Alright, so let’s talk banana bread. I love this stuff. Always have… Except until I went vegan this year and learned that while vegan baking can be amazing, it takes a lot of faffing around to find recipes that mimic the taste and texture of non-vegan baking and aren’t full of weird ingredients.
I’ve found some alright banana bread recipes along the way, but always found them either too claggy or too dry. So I made my own!
I wanted to create something that was easy to throw together on a Sunday afternoon when you’ve got a bit of time spare, but that doesn’t involve a last minute dash around the supermarket before Sunday closing hours to try and find raw cacao or coconut DNA or whatever else most vegan recipes want you to add in. Look, no shade on vegan bakers, but honestly, I like my food simple (and plant based). I am by no means a master baker, but I know my way around a kitchen (ish) and love having a go at trying new things!

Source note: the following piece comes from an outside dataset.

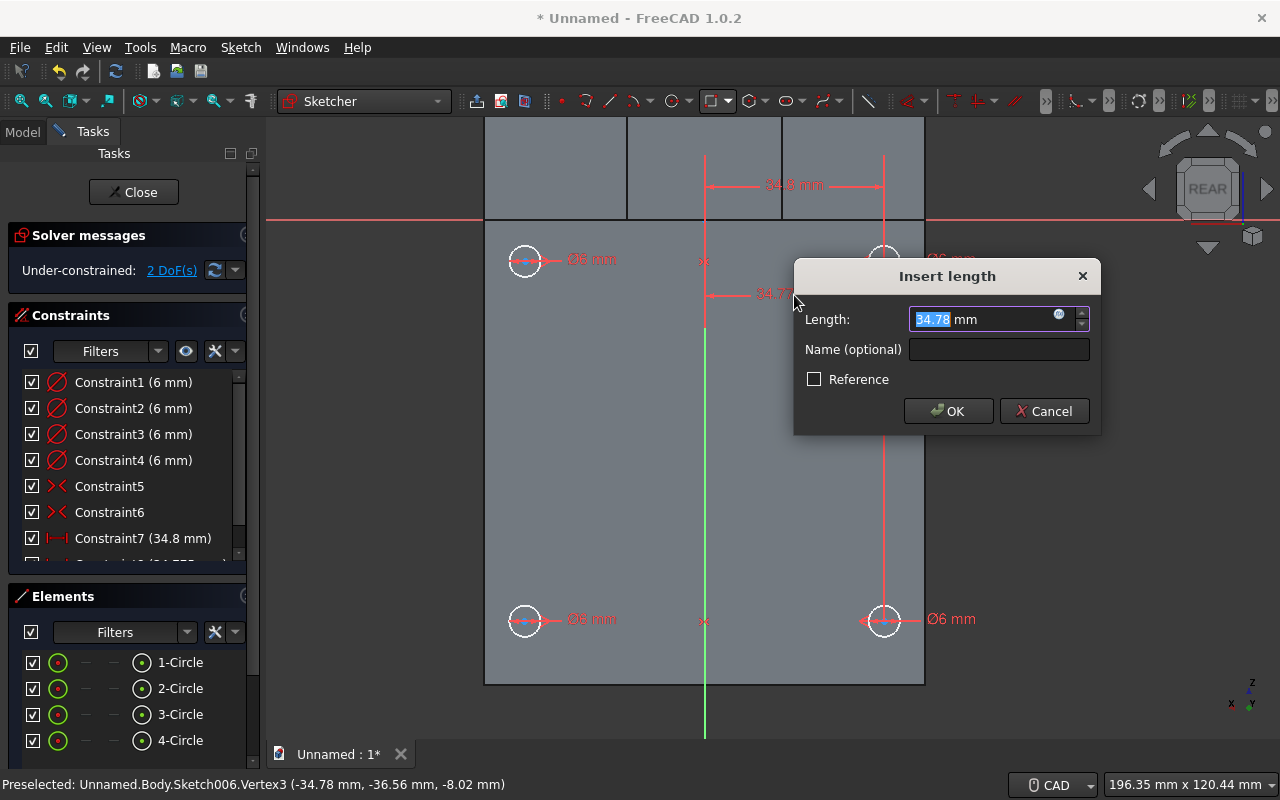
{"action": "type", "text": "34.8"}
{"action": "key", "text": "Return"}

The addition of smashed blackberries (or other fruit) is entirely optional, but I happened to have picked some that day and it adds a really nice sharp twist through the cake – and you can use any seasonal fruit you like. Just don’t go too mental with the fruit or it’ll either burn or make your banana bread mega soggy.
If you try the recipe, let me know on Instagram!
Easy vegan banana bread
A super easy vegan banana bread with chocolate chip
- 3 large very ripe bananas
- 55 g (weight) rice bran oil other vegetable oil is also fine
- 100 g brown sugar
- 220 g self raising flour
- 2 tsp baking powder
- 2 heaped tsp cinnamon
- 50 g mashed fruit blackberries, raspberries or blueberries work best
- 75 g dark chocolate chips
Preheat the oven to 200C.
Peel and mash the bananas with a fork, add to a bowl with the oil and sugar and mix well.
Add the flour, baking powder, cinnamon, chocolate chips and mix together. In a separate bowl mash the berries together.
Line a loaf tin with baking paper and add the mixture. Pour the berry mixture on top and swirl together.
Bake on the middle shelf of the oven for 20 minutes and then check the top. If the top is browning/burning, cover with foil and cook for another 20 minutes or until a skewer comes out clean. [total cook time approx 40 minutes].